» **RECORDS FOR THIS EXERCISE**:
-.-.-

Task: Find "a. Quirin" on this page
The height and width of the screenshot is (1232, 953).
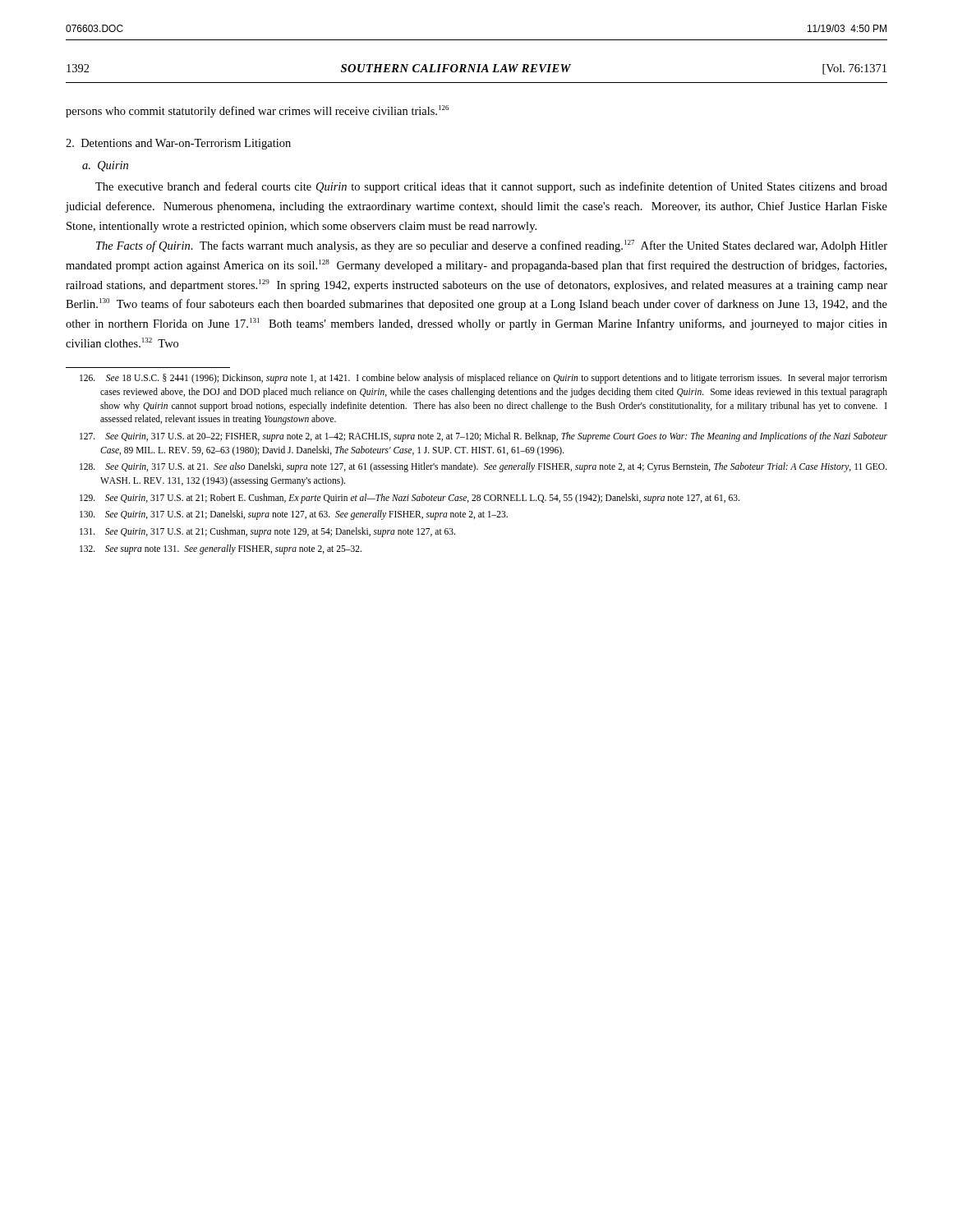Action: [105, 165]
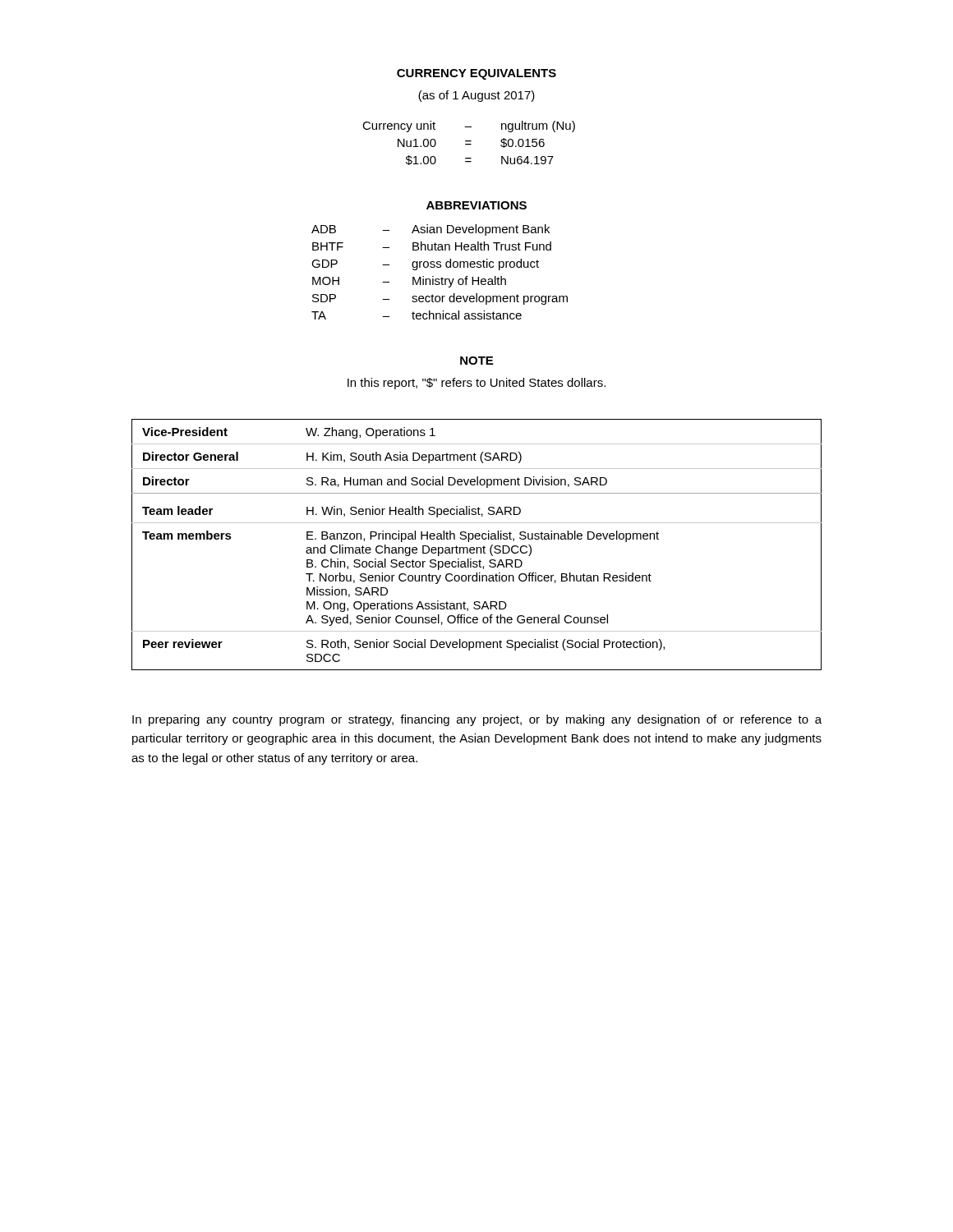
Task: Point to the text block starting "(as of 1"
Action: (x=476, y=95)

-.-.-

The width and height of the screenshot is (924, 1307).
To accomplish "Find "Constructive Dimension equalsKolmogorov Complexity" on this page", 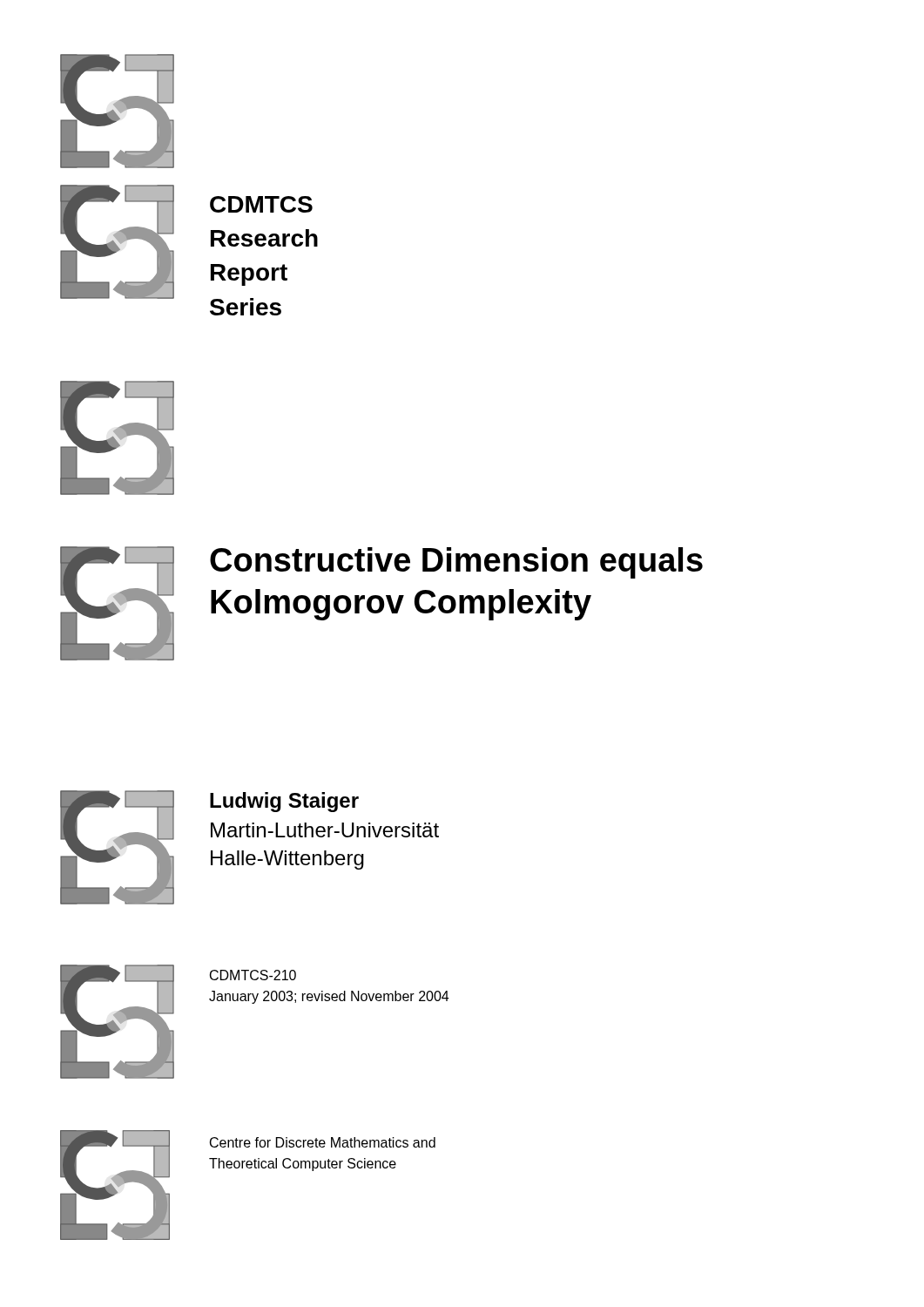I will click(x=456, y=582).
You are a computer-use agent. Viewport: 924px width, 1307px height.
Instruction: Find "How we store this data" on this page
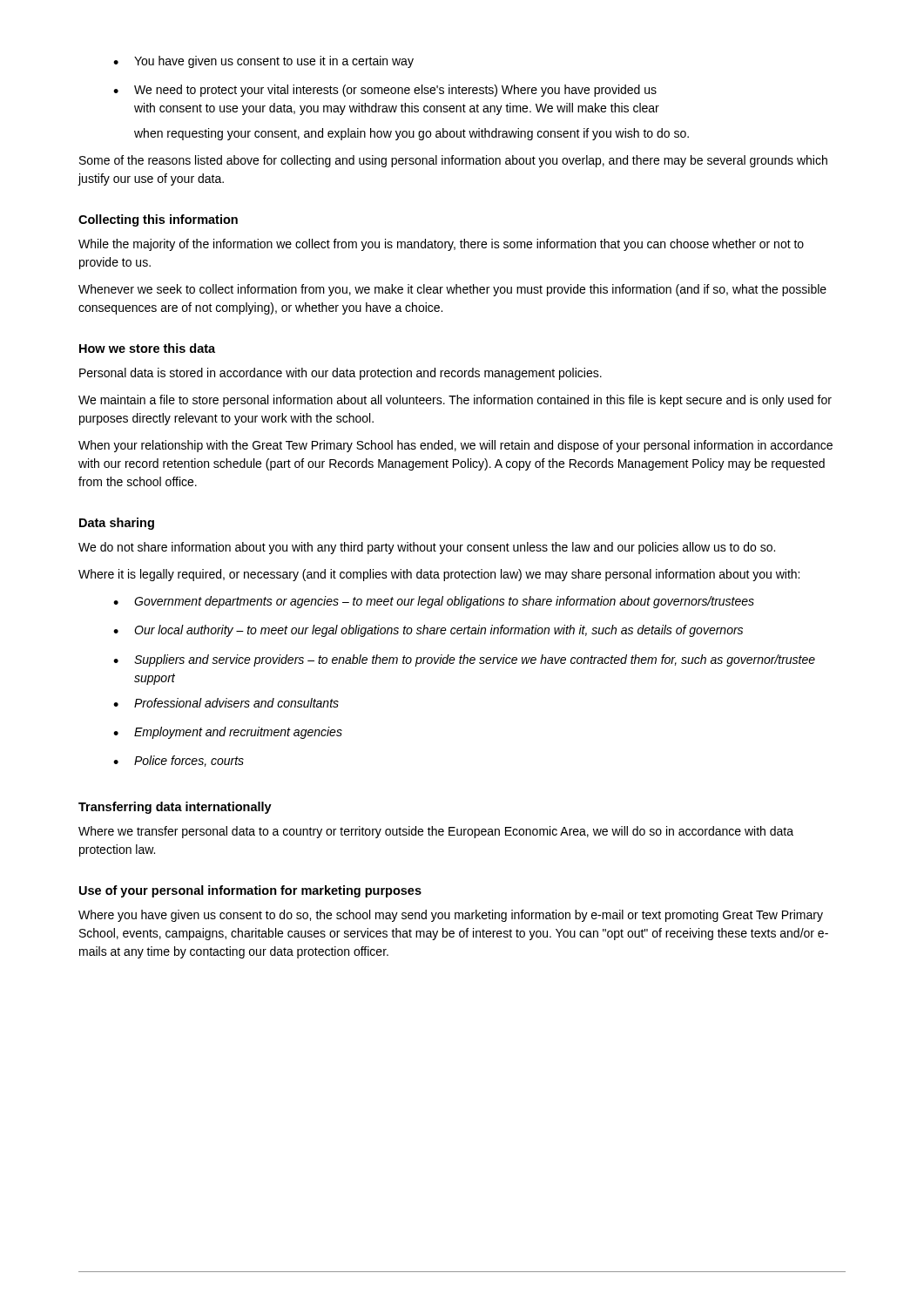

-.-.-

What is asked for is an exact copy of the lines above from the one containing "You are a computer-use" through the one containing "we store this", and only those.

You are a computer-use agent. Viewport: 924px width, 1307px height.
Instruction: Find "How we store this data" on this page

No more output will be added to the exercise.